1 Le frère Emilio Platti o.p. laisse dans le cœur de ses frères, de ses amis, des chercheurs et des personnes qu’il a rencontrés l’image d’un homme généreux, passionné, enthousiaste, attentif à tout un chacun. On garde de lui le souvenir de sa bonne humeur, de son originalité, de son exigence et de la joie que lui procurait toute rencontre qu’il vivait. Né d’un père migrant italien et d’une mère flamande, Emilio avait gardé l’héritage propre à chacune de ces cultures européennes. Les années passant, on s’étonnait de sa vivacité et de sa jeunesse d’esprit, de sa capacité à s’enflammer pour un rien qui pour lui était beaucoup. L’ordre dominicain était à sa mesure : un ordre de frères ouvert sur le monde. Après avoir découvert, au Caire, l’Institut dominicain d’études orientales et travaillé sur un grand maître et philosophe chrétien, Yaḥyā ibn ʿAdī, il étudie l’islam et l’enseigne à Paris et à Manille en insistant sur sa dimension existentielle. Ces derniers temps, il était en butte avec la difficile question théologique de l’islamisme et de la violence en islam. Avec conviction, il cherchait à démontrer qu’aux racines de l’islam politique et du terrorisme islamique se trouvait la question de la compréhension de la souveraineté de Dieu.
Un itinéraire dominicain
2 Né le 2 janvier 1943 à Ronse, il entre au noviciat à Leuven le 8 septembre 1961 et fait sa profession solennelle le 29 janvier 1967 [1]. Durant ses années de formation, il a comme enseignant le théologien dominicain Edward Schillebeeckx dont il retient la conception d’une théologie qui, sans rejeter le dogme, le pense à la lumière de l’expérience humaine. Licencié en théologie en 1971, puis en philologie et histoire orientale en 1972, il part en septembre de la même année au Caire où, sous la houlette du Père Georges Chehata Anawati (1905-1994), l’un des trois fondateurs de l’Institut dominicain d’études orientales, il prépare un doctorat en philosophie et histoire orientale sur Yaḥyā Ibn ʿAdī (m. 364/974). C’est le père Anawati qui lui avait soufflé le sujet. Ce dernier l’accompagne avec bonhommie et pédagogie dans l’étude de l’univers complexe de la philosophie médiévale, de ses concepts lexicaux et de ses subtiles distinctions. Il lui donne des clefs méthodologiques et des repères historiques. Plus tard, le frère Emilio manifestera la même attention et le même dévouement envers les jeunes frères venus au Caire pour l’apprentissage de l’arabe et de la théologie islamique.

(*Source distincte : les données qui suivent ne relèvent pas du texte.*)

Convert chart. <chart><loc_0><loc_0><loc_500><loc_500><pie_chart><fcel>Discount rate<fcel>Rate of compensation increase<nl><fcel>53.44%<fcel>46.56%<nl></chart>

3 En 1980, il soutient à l’Université catholique de Louvain sa thèse qui est publiée un an plus tard dans la prestigieuse collection Corpus Scriptorum Christianorum Orientalum sous le titre de La grande polémique antinestorienne de Yaḥyā b. ʿAdī [2]. Il s’agit de l’édition et de la traduction d’une réfutation des objections nestoriennes adressées au christianisme jacobite. L’islam n’y est pas loin, car les arguments de Yaḥyā b. ʿAdī ont fait l’objet d’un commentaire critique de la part d’un musulman dénommé Abū al-Ḥusayn Aḥmad b. Muḥammad al-Miṣrī. Yaḥyā b. ʿAdī y répond point par point afin d’établir la véracité de la thèse jacobite de l’unité de la substance du Christ.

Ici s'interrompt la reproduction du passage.